The connectors all use `SQLAlchemy Core
<http://www.sqlalchemy.org/docs/index.html>`_ as a wrapper around database
client drivers.  Unfortunately, SQLAlchemy is a synchronous library, so some
extra work is required to use it in an asynchronous context, like in Buildbot.
This is accomplished by deferring all database operations to threads, and
returning a Deferred.  The :class:`~buildbot.db.pool.Pool` class takes care of
the details.

A connector method should look like this::

    def myMethod(self, arg1, arg2):
        def thd(conn):
            q = ... # construct a query
            for row in conn.execute(q):
                ... # do something with the results
            return ... # return an interesting value
        return self.db.pool.do(thd)

Picking that apart, the body of the method defines a function named ``thd``
taking one argument, a :class:`Connection
<sqlalchemy:sqlalchemy.future.engine.Connection>` object.  It then calls
``self.db.pool.do``, passing the ``thd`` function.  This function is called in
a thread, and can make blocking calls to SQLAlchemy as desired.  The ``do``
method will return a Deferred that will fire with the return value of ``thd``,
or with a failure representing any exception raised by ``thd``.

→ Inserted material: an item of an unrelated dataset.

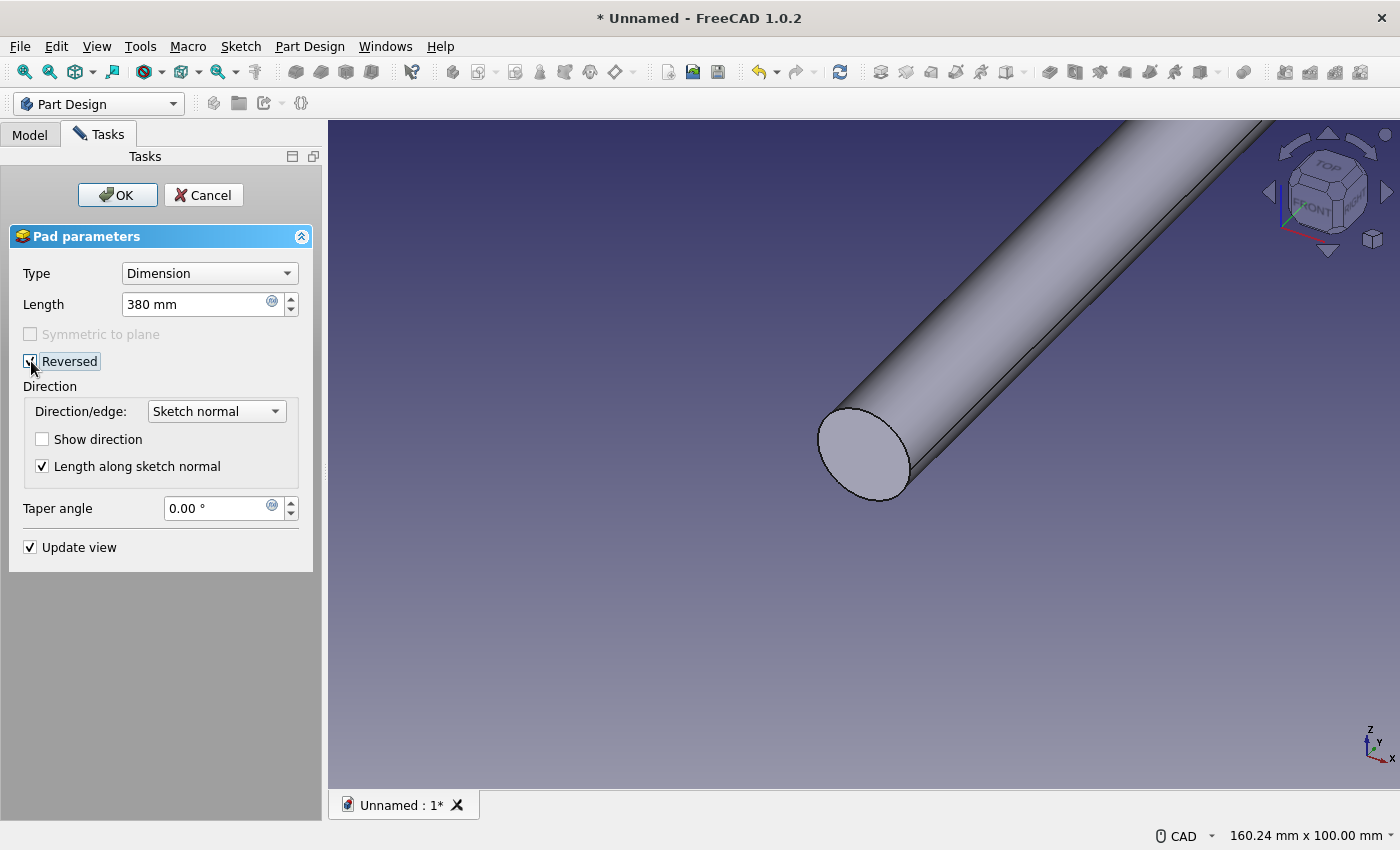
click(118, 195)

The return value of ``thd`` must not be an SQLAlchemy object - in particular,
any :class:`ResultProxy <sqlalchemy:sqlalchemy.engine.base.ResultProxy>`
objects must be parsed into lists or other data structures before they are
returned.

.. warning::

    As the name ``thd`` indicates, the function runs in a thread.  It should
    not interact with any other part of Buildbot, nor with any of the Twisted
    components that expect to be accessed from the main thread -- the reactor,
    Deferreds, etc.

Queries can be constructed using any of the SQLAlchemy core methods, using
tables from :class:`~buildbot.db.model.Model`, and executed with the connection
object, ``conn``.

.. note::

    SQLAlchemy requires the use of a syntax that is forbidden by pep8.
    If in where clauses you need to select rows where a value is NULL,
    you need to write (`tbl.c.value == None`). This form is forbidden by pep8
    which requires the use of `is None` instead of `== None`. As sqlalchemy is using operator
    overloading to implement pythonic SQL statements, and the `is` operator is not overloadable,
    we need to keep the `==` operators. In order to solve this issue, Buildbot
    uses `buildbot.db.NULL` constant, which is `None`.
    So instead of writing `tbl.c.value == None`, please write `tbl.c.value == NULL`).

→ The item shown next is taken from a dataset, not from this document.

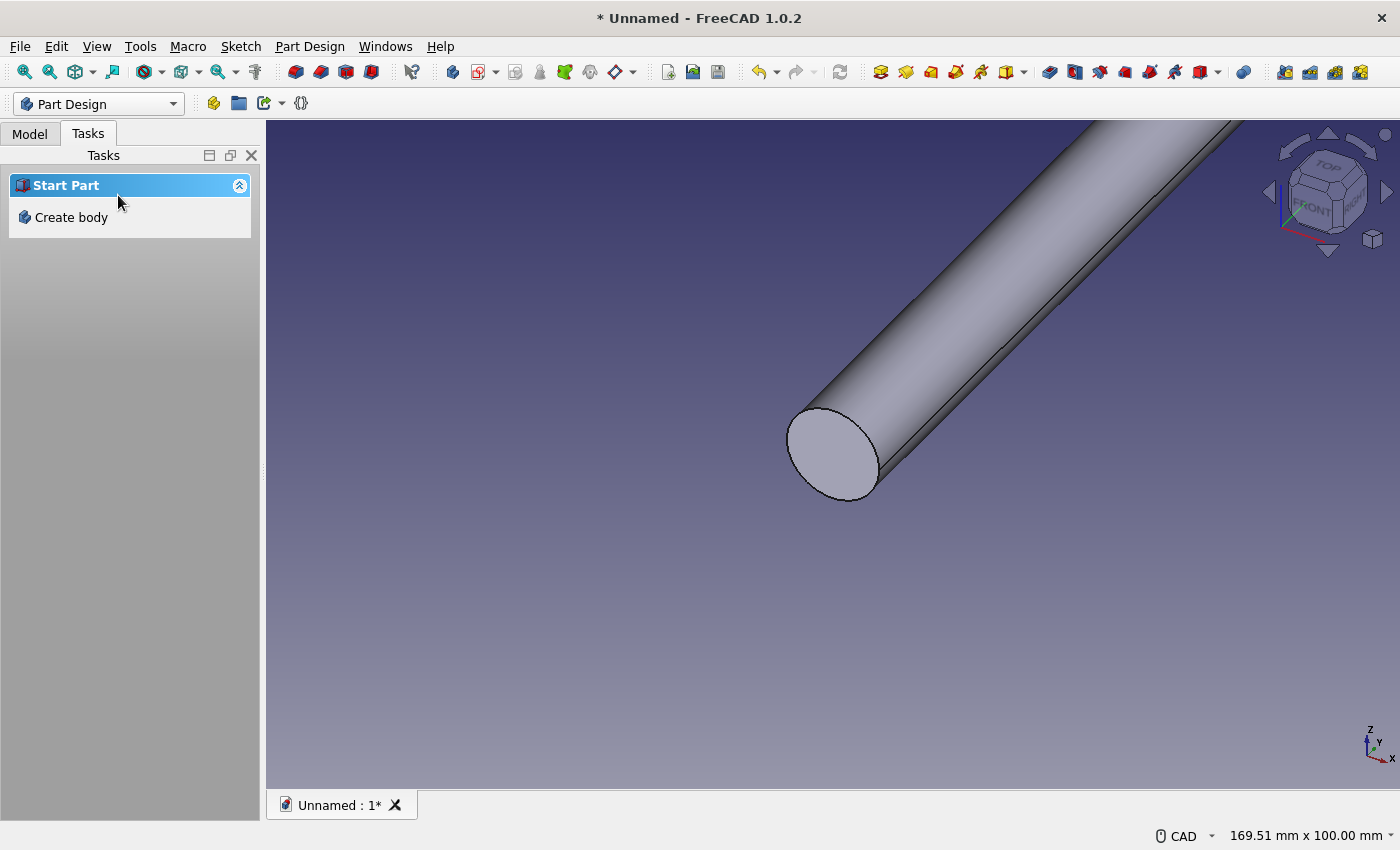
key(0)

.. py:class:: DBThreadPool

    .. py:method:: do(callable, ...)

        :returns: Deferred

        Call ``callable`` in a thread, with a :class:`Connection
        <sqlalchemy:sqlalchemy.engine.base.Connection>` object as first
        argument.  Returns a deferred that will fire with the results of the
        callable, or with a failure representing any exception raised during
        its execution.

        Any additional positional or keyword arguments are passed to
        ``callable``.

    .. py:method:: do_with_engine(callable, ...)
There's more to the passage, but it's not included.